THE RECORDS:
= = = =
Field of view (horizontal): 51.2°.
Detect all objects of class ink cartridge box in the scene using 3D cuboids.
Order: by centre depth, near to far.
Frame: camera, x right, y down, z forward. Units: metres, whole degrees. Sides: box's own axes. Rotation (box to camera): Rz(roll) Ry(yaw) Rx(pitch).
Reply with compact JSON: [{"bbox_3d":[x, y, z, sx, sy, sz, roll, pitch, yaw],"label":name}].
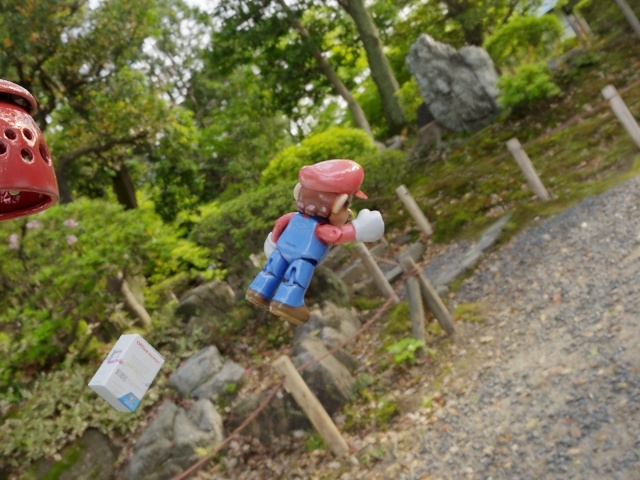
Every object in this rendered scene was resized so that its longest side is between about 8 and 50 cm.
[{"bbox_3d":[-0.370,0.253,1.283,0.052,0.088,0.122,-9,40,38],"label":"ink cartridge box"}]

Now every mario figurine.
[{"bbox_3d":[0.000,0.000,1.249,0.320,0.198,0.170,-63,-4,-5],"label":"mario figurine"}]

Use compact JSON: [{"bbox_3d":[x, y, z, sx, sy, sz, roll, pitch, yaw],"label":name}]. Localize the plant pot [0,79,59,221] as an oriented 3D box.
[{"bbox_3d":[-0.485,-0.125,0.944,0.191,0.174,0.191,-14,-5,-1],"label":"plant pot"}]
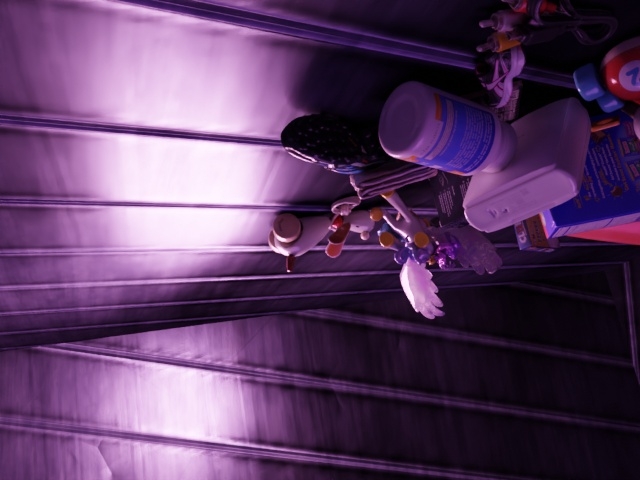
= = = =
WHAT IS NEEDED:
Everything in the material except the pictures should be restated word for word.

TASK SOLUTION:
Field of view (horizontal): 51.2°.
Detect all objects of class ink cartridge box in the scene using 3D cuboids.
Order: by centre depth, near to far.
Frame: camera, x right, y down, z forward. Units: metres, whole degrees. Sides: box's own axes. Rotation (box to camera): Rz(roll) Ry(yaw) Rx(pitch).
Reply with compact JSON: [{"bbox_3d":[x, y, z, sx, sy, sz, roll, pitch, yaw],"label":name}].
Every object in this rendered scene was resized so that its longest side is between about 8 and 50 cm.
[{"bbox_3d":[-0.370,0.253,1.283,0.052,0.088,0.122,-9,40,38],"label":"ink cartridge box"}]

Now every mario figurine.
[{"bbox_3d":[0.000,0.000,1.249,0.320,0.198,0.170,-63,-4,-5],"label":"mario figurine"}]

Use compact JSON: [{"bbox_3d":[x, y, z, sx, sy, sz, roll, pitch, yaw],"label":name}]. Localize the plant pot [0,79,59,221] as an oriented 3D box.
[{"bbox_3d":[-0.485,-0.125,0.944,0.191,0.174,0.191,-14,-5,-1],"label":"plant pot"}]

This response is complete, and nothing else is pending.